▶ **Task**
Lines with "Session": please show every one of them from the listing below.

|---|

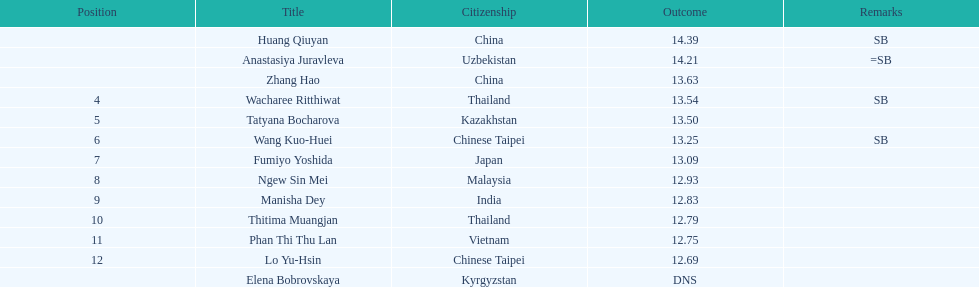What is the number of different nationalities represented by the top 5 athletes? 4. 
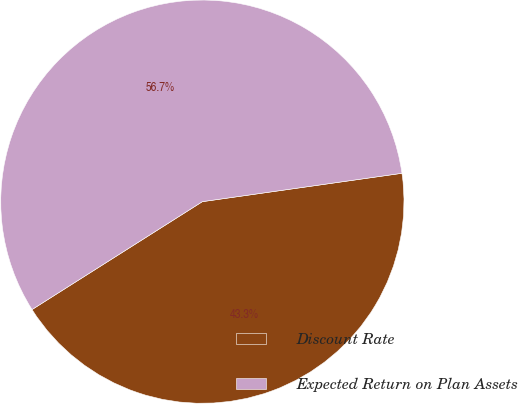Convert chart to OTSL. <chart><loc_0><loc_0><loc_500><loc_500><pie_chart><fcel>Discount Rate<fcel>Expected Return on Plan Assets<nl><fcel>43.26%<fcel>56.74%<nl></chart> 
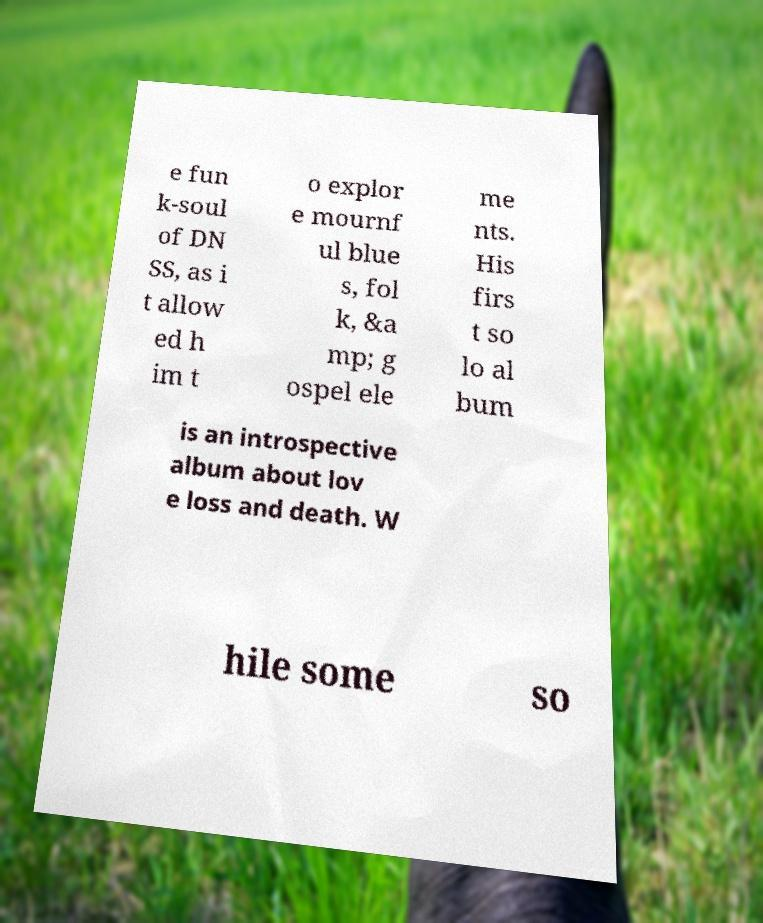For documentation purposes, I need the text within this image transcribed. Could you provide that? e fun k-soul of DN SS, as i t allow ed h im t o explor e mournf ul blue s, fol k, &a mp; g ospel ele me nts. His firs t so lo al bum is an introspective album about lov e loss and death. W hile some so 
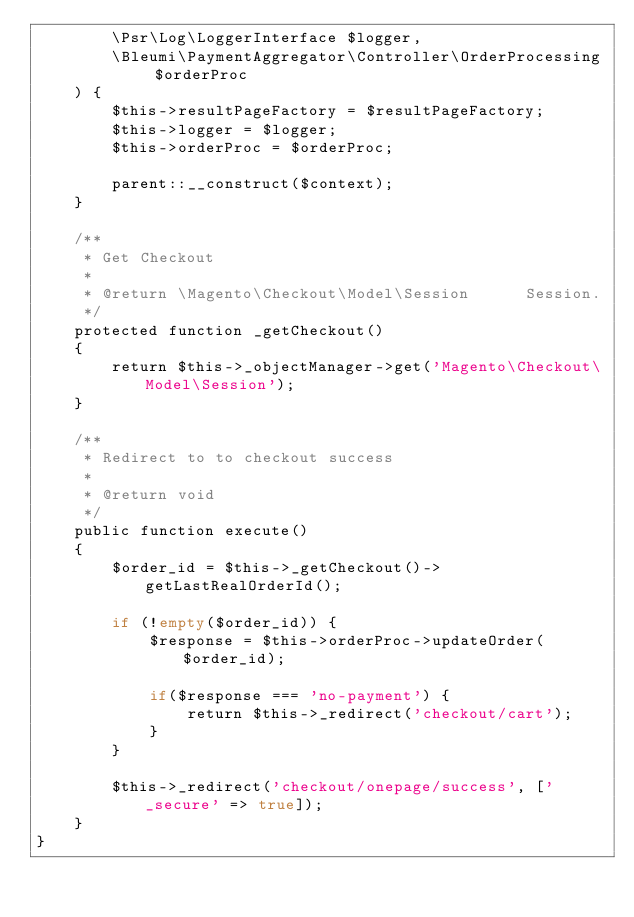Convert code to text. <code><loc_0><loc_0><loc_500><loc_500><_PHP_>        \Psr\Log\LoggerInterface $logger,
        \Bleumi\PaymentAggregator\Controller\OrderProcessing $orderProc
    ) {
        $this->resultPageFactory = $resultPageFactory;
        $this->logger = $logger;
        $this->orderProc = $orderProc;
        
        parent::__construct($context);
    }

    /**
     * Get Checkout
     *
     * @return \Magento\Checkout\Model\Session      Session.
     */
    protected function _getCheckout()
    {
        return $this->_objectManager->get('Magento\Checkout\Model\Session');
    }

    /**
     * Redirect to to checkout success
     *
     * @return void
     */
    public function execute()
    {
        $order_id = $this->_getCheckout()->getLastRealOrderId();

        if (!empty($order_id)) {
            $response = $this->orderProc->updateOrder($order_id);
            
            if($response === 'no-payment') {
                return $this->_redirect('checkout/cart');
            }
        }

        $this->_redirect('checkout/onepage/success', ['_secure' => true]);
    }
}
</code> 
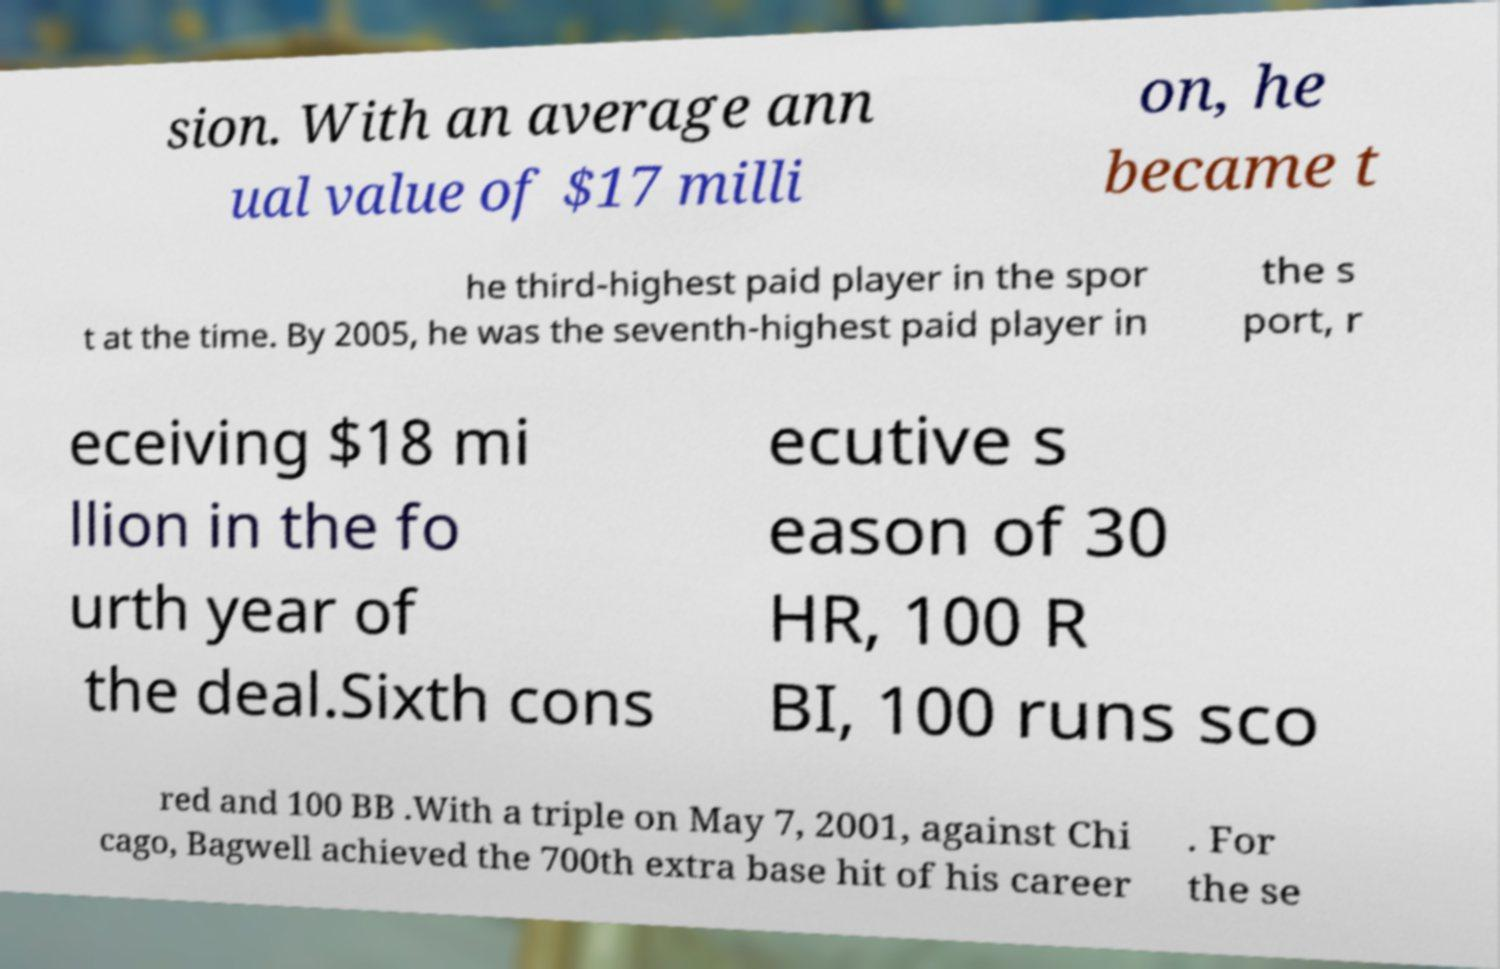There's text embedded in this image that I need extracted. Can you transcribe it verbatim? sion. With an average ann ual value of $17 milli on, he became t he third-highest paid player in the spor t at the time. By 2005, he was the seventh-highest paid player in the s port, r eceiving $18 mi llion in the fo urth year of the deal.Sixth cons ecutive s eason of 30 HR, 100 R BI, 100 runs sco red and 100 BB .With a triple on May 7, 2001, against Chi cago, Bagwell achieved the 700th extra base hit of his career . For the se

|---|

▶ **Exercise solution**
     * @return \Magento\Checkout\Model\Session      Session.
        return $this->_objectManager->get('Magento\Checkout\Model\Session');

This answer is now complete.